They always check the correct torque for the vehicle and use a torque wrench to tighten the lugs. They're balancing is always bang on also. Cheap too!


----------



## Squiddie (Dec 19, 2010)

BTW, can somebody explain why most breaker bars sold are 3/8"? With those forces involved wouldn't you want 1/2"?


----------



## Autoputzer (Mar 16, 2014)

Silver Shadow said:


> Strangely enough the best garage I've gone to for wheel/tire installation is *Walmart* in Ogdensburg, NY.
> I buy all my tires online in the USA and get them installed at Walmart across from The UPS Store where I have a post office box.
> They always check the correct torque for the vehicle and use a torque wrench to tighten the lugs. They're balancing is always bang on also. Cheap too!


Here's my Walmart story.

The one near me has a novel solution for not losing the car keys. They put them in the door lock, so that the other keys on the key ring scrape against the door as the door is opened and closed.

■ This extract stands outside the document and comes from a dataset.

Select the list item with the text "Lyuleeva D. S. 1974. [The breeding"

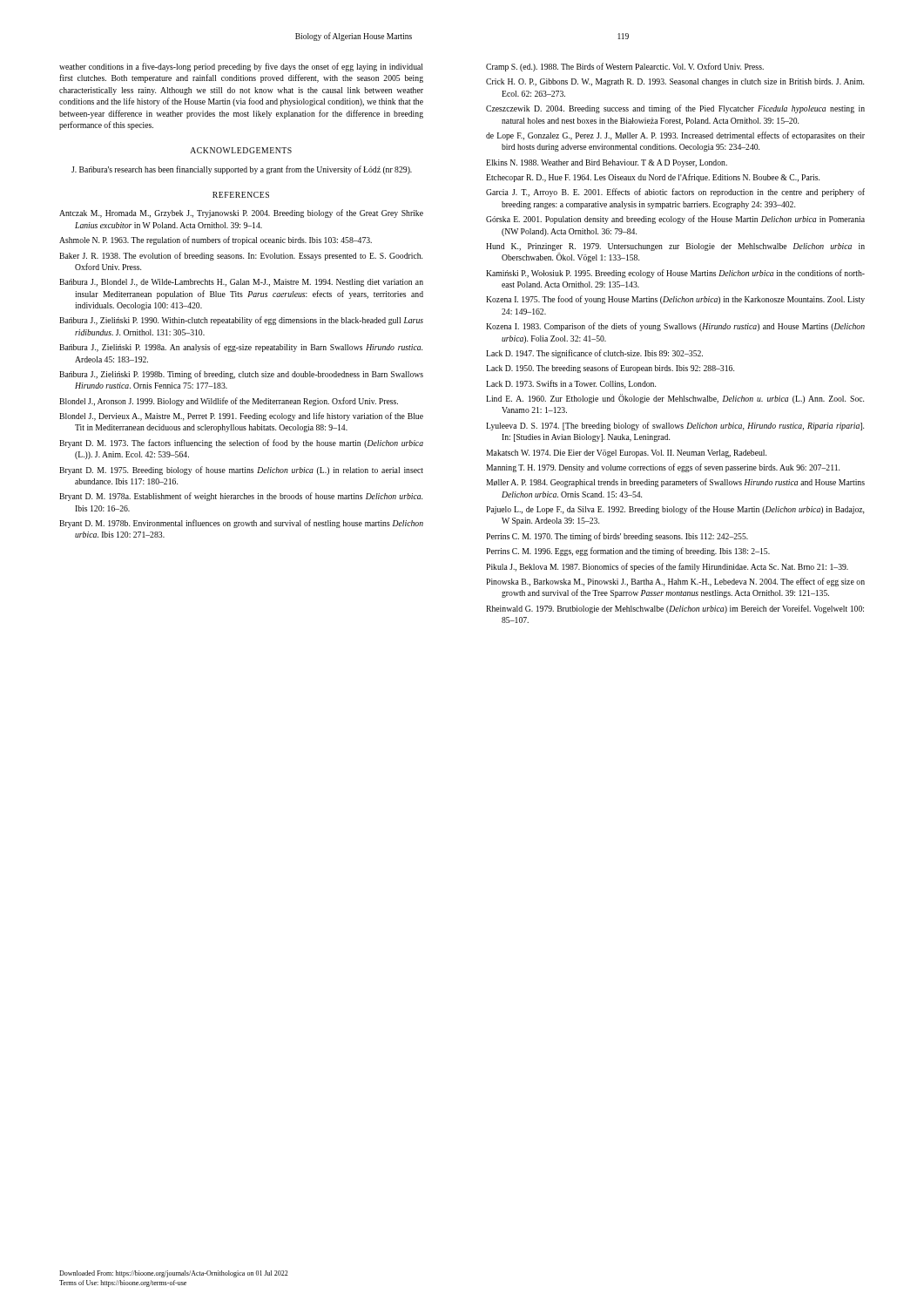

I stopped by there ONCE, to have a flat repair on my truck. My truck has stamped steel wheels with a polished stainless steel cover stamped onto them, pretty much indestructible. 
One customer asked another one if they had tire machines that didn't scratch the wheels. The other customer said that he assumed they did. The Walmart employee behind the counter stared laughing at him. All three of us got up, got our cars, and left.


----------



## Ruggernaut (Apr 25, 2014)

Squiddie said:


> BTW, can somebody explain why most breaker bars sold are 3/8"? With those forces involved wouldn't you want 1/2"?


Most places have both.


----------